July 28, 2020
This article is the first of three in a deep dive into AWS Glue. This low-code/no-code platform is AWS’s simplest extract, transform, and load (ETL) service. The focus of this article will be AWS Glue Data Catalog. You’ll need to understand the data catalog before building Glue Jobs in the next article.
The information is presented in a way that should lay a foundation for newcomers to this service. I also expect that experienced users will find some new tricks to using Glue from this too. I've played around with many configurations of Glue Classifiers and Jobs so I wish to share my experience.
The articles in this series will be on the topics as follows:
- Starting with AWS Glue Data Catalog and querying S3 from Athena
- Making ETL jobs with AWS Glue Jobs
- Orchestrating ETL jobs and AWS Glue Data Catalog with AWS Glue Workflows
So you need to move and transform some data stored in AWS
There are many ways to perform ETL within the AWS ecosystem. A Python developer may prefer to create a simple Lambda function that reads a file stored in S3 into a Pandas data frame, then transforms it and uploads it to its target destination. A Big Data Engineer may spin up an Amazon EMR cluster to ingest terabytes of data into a Spark job to transform and write to its destination.

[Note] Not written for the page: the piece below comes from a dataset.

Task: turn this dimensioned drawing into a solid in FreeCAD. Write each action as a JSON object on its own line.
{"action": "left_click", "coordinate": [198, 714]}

To make things even easier, AWS Glue lets you point to your source and target destinations and it takes care of the transformations for you. It’s completely serverless so AWS takes care of provisioning and configuration, and has the benefit of near-limitless scalability. It’s meant for structured or semi-structured data.
Some of AWS Glue’s key features are the data catalog and jobs. The data catalog works by crawling data stored in S3 and generates a metadata table that allows the data to be queried in Amazon Athena, another AWS service that acts as a query interface to data stored in S3. We’ll touch more later in the article.

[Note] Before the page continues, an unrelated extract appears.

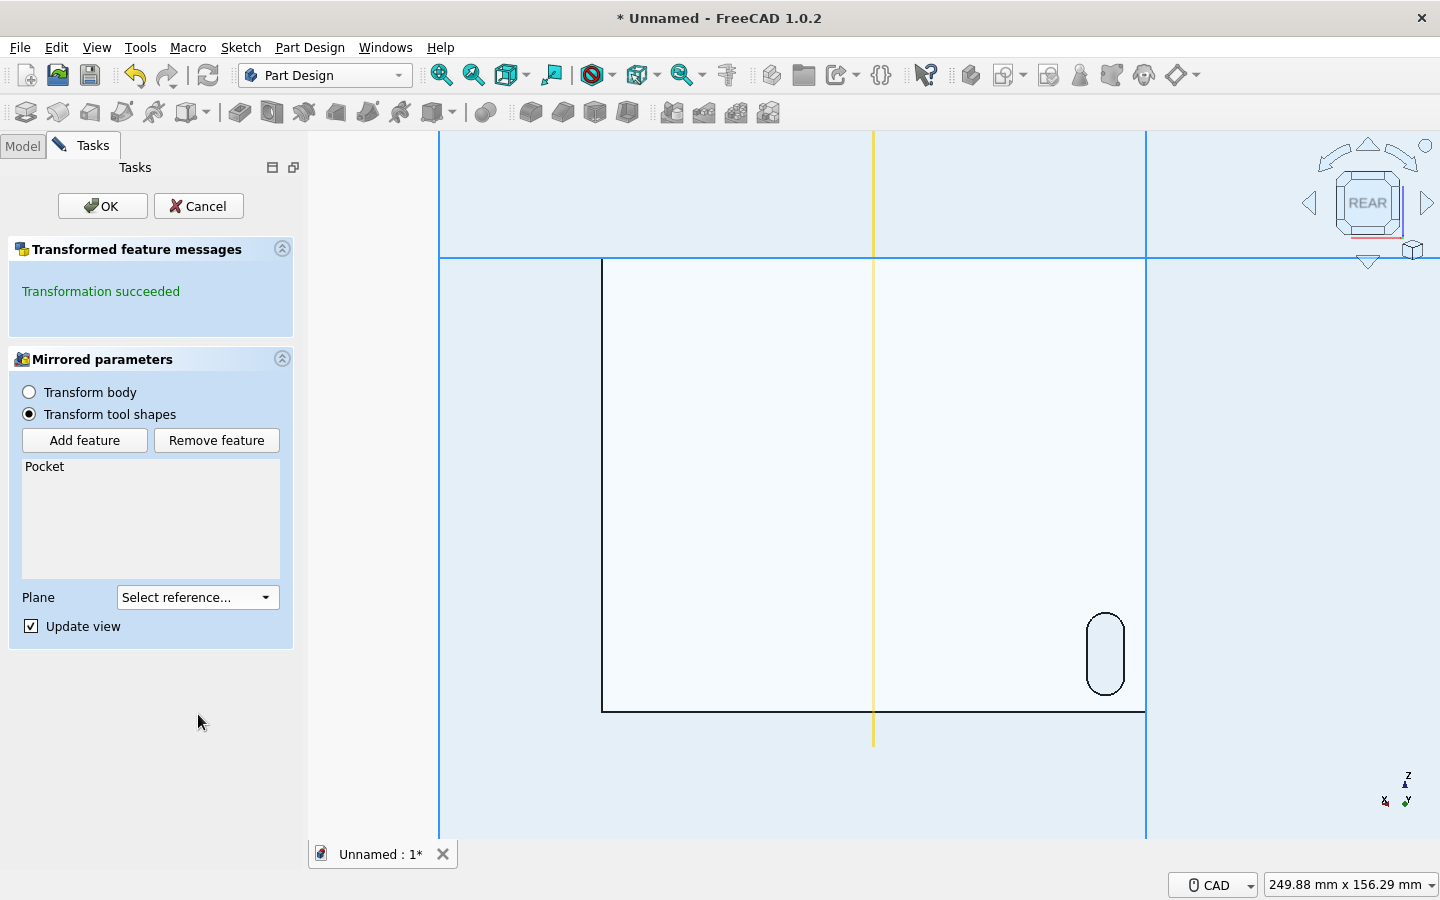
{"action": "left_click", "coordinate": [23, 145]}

The other key feature is ETL jobs. ETL jobs allow a user to point from source-to-target destinations and describe the transformation without needing to code. Glue takes care of the rest by generating the underlying code to perform the ETL. The underlying code can be edited if a user wishes to do something outside-of-the-box but it’s not required. This is what the next article will address.
Once the data catalog and ETL jobs are set up, Glue offers workflows to orchestrate and automate end-to-end ETL processes. I’ll finish up this article series by writing about this.
What is the Glue Data Catalog?
Glue Data Catalog is the starting point in AWS Glue and a prerequisite to creating Glue Jobs. Within Glue Data Catalog, you define Crawlers that create Tables.
Crawlers crawl a path in S3 (not an individual file!).
The tables are metadata tables that describe data sitting in an S3 repository, these are necessary to classify the schema of the S3 repository so that Glue Jobs have a frame of reference to perform transformations (this will make more sense in the second article)
Unfortunately, AWS Glue uses the names “tables” and “databases”. This may confuse new users since there isn’t any source data stored or transferred, only metadata. The databases in the Glue Data Catalog are used as ways to group tables. There’s no ODBC or servers involved in this.
With that out the way, I will build a crawler and show what it generates.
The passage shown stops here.